The easiest way to achieve this is to not align that region of the template
with the target sequence. If region 'bbbbbbbb' of the template should
not be used as a template for region 'eeeee' of the target sequence the
alignment should be like this:
template aaaaaaaaaaaaaaaaaaaaaaaa-----bbbbbbbbcccccccccccccccccccccccccccccc
target ddddddddddddddddddddddddeeeee--------ffffffffffffffffffffffffffffff
The effect of this alignment is that no homology-derived restraints will
be produced for region 'eeeee'.
- I want to define (additional) disulfide bonds in the target
sequence because no equivalent disulfide bonds exist in any of the
templates (in which case PATCH_SS_TEMPLATES cannot define them
automatically).
MODELLER can restrain disulfides in two ways: automatically
(PATCH_SS_TEMPLATES or
PATCH_SS_MODEL) and
manually (PATCH).
If there is an equivalent disulfide bridge in any
of the templates aligned with the target, the PATCH_SS_TEMPLATES
command will generate appropriate disulfide bond restraints without
any other input from the user. This command is run automatically by the
'model' script used for comparative modeling. The restraints include
bond, angle and dihedral angle restraints. The SG -- SG atom pair
also becomes an excluded atom pair that is not checked for an atom-atom
overlap. The dihedral angle restraints will depend
on the conformation of the equivalent disulfides in the template
structure, as described in [Šali & Overington, 1994]. The command
PATCH_SS_MODEL is similar, except that the current structure of
MODEL, not templates, is used to guess the disulfide bonded
CYS - CYS pairs.
Explicit manual restraints can be added by the PATCH
command relying on the PRES DISU patching residue in the CHARMM topology file. This command is used by the 'special_patches' routine
that is called automatically by the 'model' script. In comparative
modeling by 'model', the `manual' disulfides should be defined
in the 'special_patches' routine. The PATCH command will establish
the correct stereochemistry by relying on the CHARMM topology
file and parameters to restrain the disulfide bond.
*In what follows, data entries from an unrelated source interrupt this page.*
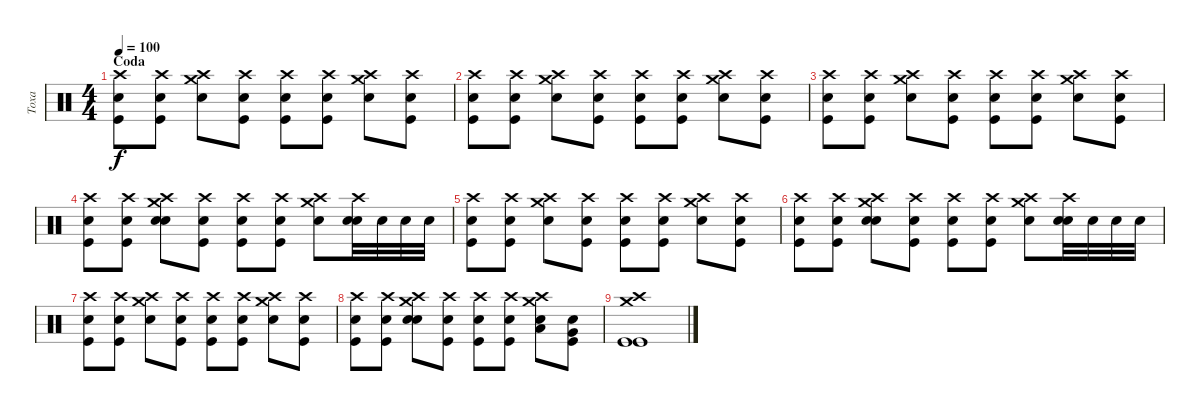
\track ("Toxa" "Toxa") {instrument percussion}
\staff {score}
\articulation defaults
\ts (4 4)
\section ("" "Coda")
\tempo 100
\clef neutral
\ks c
("Crash high (hit)" "Kick (hit)" "Snare (hit)"{x}).8{dy f} ("Crash high (hit)" "Kick (hit)" "Snare (hit)"{x}).8 ("Crash high (hit)" "Snare (hit) 2" "Crash medium (hit)").8 ("Crash high (hit)" "Kick (hit)" "Snare (hit)"{x}).8 ("Crash high (hit)" "Kick (hit)" "Snare (hit)"{x}).8 ("Crash high (hit)" "Kick (hit)" "Snare (hit)"{x}).8 ("Crash high (hit)" "Snare (hit) 2" "Crash medium (hit)").8 ("Crash high (hit)" "Kick (hit)" "Snare (hit)"{x}).8 |
("Crash high (hit)" "Kick (hit)" "Snare (hit)"{x}).8 ("Crash high (hit)" "Kick (hit)" "Snare (hit)"{x}).8 ("Crash high (hit)" "Snare (hit) 2" "Crash medium (hit)").8 ("Crash high (hit)" "Kick (hit)" "Snare (hit)"{x}).8 ("Crash high (hit)" "Kick (hit)" "Snare (hit)"{x}).8 ("Crash high (hit)" "Kick (hit)" "Snare (hit)"{x}).8 ("Crash high (hit)" "Snare (hit) 2" "Crash medium (hit)").8 ("Crash high (hit)" "Kick (hit)" "Snare (hit)"{x}).8 |
("Crash high (hit)" "Kick (hit)" "Snare (hit)"{x}).8 ("Crash high (hit)" "Kick (hit)" "Snare (hit)"{x}).8 ("Crash high (hit)" "Snare (hit) 2" "Crash medium (hit)").8 ("Crash high (hit)" "Kick (hit)" "Snare (hit)"{x}).8 ("Crash high (hit)" "Kick (hit)" "Snare (hit)"{x}).8 ("Crash high (hit)" "Kick (hit)" "Snare (hit)"{x}).8 ("Crash high (hit)" "Snare (hit) 2" "Crash medium (hit)").8 ("Crash high (hit)" "Kick (hit)" "Snare (hit)"{x}).8 |
("Crash high (hit)" "Kick (hit)" "Snare (hit)"{x}).8 ("Crash high (hit)" "Kick (hit)" "Snare (hit)"{x}).8 ("Crash high (hit)" "Snare (hit) 2" "Snare (hit)"{x} "Crash medium (hit)").8 ("Crash high (hit)" "Kick (hit)" "Snare (hit)"{x}).8 ("Crash high (hit)" "Kick (hit)" "Snare (hit)"{x}).8 ("Crash high (hit)" "Kick (hit)" "Snare (hit)"{x}).8 ("Crash high (hit)" "Snare (hit) 2" "Crash medium (hit)").8 ("Crash high (hit)" "Electric Snare (hit)" "Snare (hit)"{x}).32 "Electric Snare (hit)".32 "Electric Snare (hit)".32 "Electric Snare (hit)".32 |
("Crash high (hit)" "Kick (hit)" "Snare (hit)"{x}).8 ("Crash high (hit)" "Kick (hit)" "Snare (hit)"{x}).8 ("Crash high (hit)" "Snare (hit) 2" "Crash medium (hit)").8 ("Crash high (hit)" "Kick (hit)" "Snare (hit)"{x}).8 ("Crash high (hit)" "Kick (hit)" "Snare (hit)"{x}).8 ("Crash high (hit)" "Kick (hit)" "Snare (hit)"{x}).8 ("Crash high (hit)" "Snare (hit) 2" "Crash medium (hit)").8 ("Crash high (hit)" "Kick (hit)" "Snare (hit)"{x}).8 |
("Crash high (hit)" "Kick (hit)" "Snare (hit)"{x}).8 ("Crash high (hit)" "Kick (hit)" "Snare (hit)"{x}).8 ("Crash high (hit)" "Snare (hit) 2" "Snare (hit)"{x} "Crash medium (hit)").8 ("Crash high (hit)" "Kick (hit)" "Snare (hit)"{x}).8 ("Crash high (hit)" "Kick (hit)" "Snare (hit)"{x}).8 ("Crash high (hit)" "Kick (hit)" "Snare (hit)"{x}).8 ("Crash high (hit)" "Snare (hit) 2" "Crash medium (hit)").8 ("Crash high (hit)" "Electric Snare (hit)" "Snare (hit)"{x}).32 "Electric Snare (hit)".32 "Electric Snare (hit)".32 "Electric Snare (hit)".32 |
("Crash high (hit)" "Kick (hit)" "Snare (hit)"{x}).8 ("Crash high (hit)" "Kick (hit)" "Snare (hit)"{x}).8 ("Crash high (hit)" "Snare (hit) 2" "Crash medium (hit)").8 ("Crash high (hit)" "Kick (hit)" "Snare (hit)"{x}).8 ("Crash high (hit)" "Kick (hit)" "Snare (hit)"{x}).8 ("Crash high (hit)" "Kick (hit)" "Snare (hit)"{x}).8 ("Crash high (hit)" "Snare (hit) 2" "Crash medium (hit)").8 ("Crash high (hit)" "Kick (hit)" "Snare (hit)"{x}).8 |
("Crash high (hit)" "Kick (hit)" "Snare (hit)"{x}).8 ("Crash high (hit)" "Kick (hit)" "Snare (hit)"{x}).8 ("Crash high (hit)" "Snare (hit) 2" "Snare (hit)"{x} "Crash medium (hit)").8 ("Crash high (hit)" "Kick (hit)" "Snare (hit)"{x}).8 ("Crash high (hit)" "Kick (hit)" "Snare (hit)"{x}).8 ("Crash high (hit)" "Kick (hit)" "Snare (hit)"{x}).8 ("Crash high (hit)" "Snare (hit) 2" "Low Tom (hit)" "Crash medium (hit)").8 ("Kick (hit)" "Very Low Tom (hit)" "Snare (hit)"{x}).8 |
("Kick (hit)" "Kick (hit)" "Crash high (hit)" "Crash medium (hit)").1

It is better to use PATCH_SS_TEMPLATES than PATCH
where possible because the dihedral angles are restrained more
precisely by using the templates than the general rules of
stereochemistry.
Some CHARMM parameter files have a multiple dihedral entry for
the disulfide dihedral angle that consists of three individual
entries with periodicities of 1, 2 and 3. This is why you see three
feature restraints for a single disulfide in the output of the
ENERGY command.
# This is as usual:
INCLUDE
SET ALIGNMENT_FILE = 'align1.ali', KNOWNS='templ1', SEQUENCE='targ1'
CALL ROUTINE = 'model'
STOP
# Redefine the special_patches routine to include the additional disulfides
# (this routine is empty by default):
SUBROUTINE ROUTINE = 'special_patches'
# A disulfide between residues 1 and 85 in chain A:
PATCH RESIDUE_TYPE = 'DISU', RESIDUE_IDS = '1:A' '85:A'
# A disulfide between residues 41 and 45 in chain B:
PATCH RESIDUE_TYPE = 'DISU', RESIDUE_IDS = '41:B' '45:B'
RETURN
END_SUBROUTINE
- I want to explicitly force certain Pro residues to the
cis conformation.
MODELLER should usually be allowed to handle this automatically
via the omega dihedral angle restraints, which are calculated
by default.
# This is as usual:
INCLUDE
SET ALIGNMENT_FILE = 'align1.ali', KNOWNS='templ1', SEQUENCE='targ1'
CALL ROUTINE = 'model'
STOP
# Redefine the special_patches routine to force Pro to cis conformation:
# (this routine is empty by default):
SUBROUTINE ROUTINE = 'special_restraints'
CALL ROUTINE = 'cispeptide', ATOM_IDS1 = 'O:4' 'C:4' 'N:5' 'CA:5', ;
ATOM_IDS2 = 'CA:4' 'C:4' 'N:5' 'CA:5'
RETURN
END_SUBROUTINE
- How can I select/remove/add a set of restraints?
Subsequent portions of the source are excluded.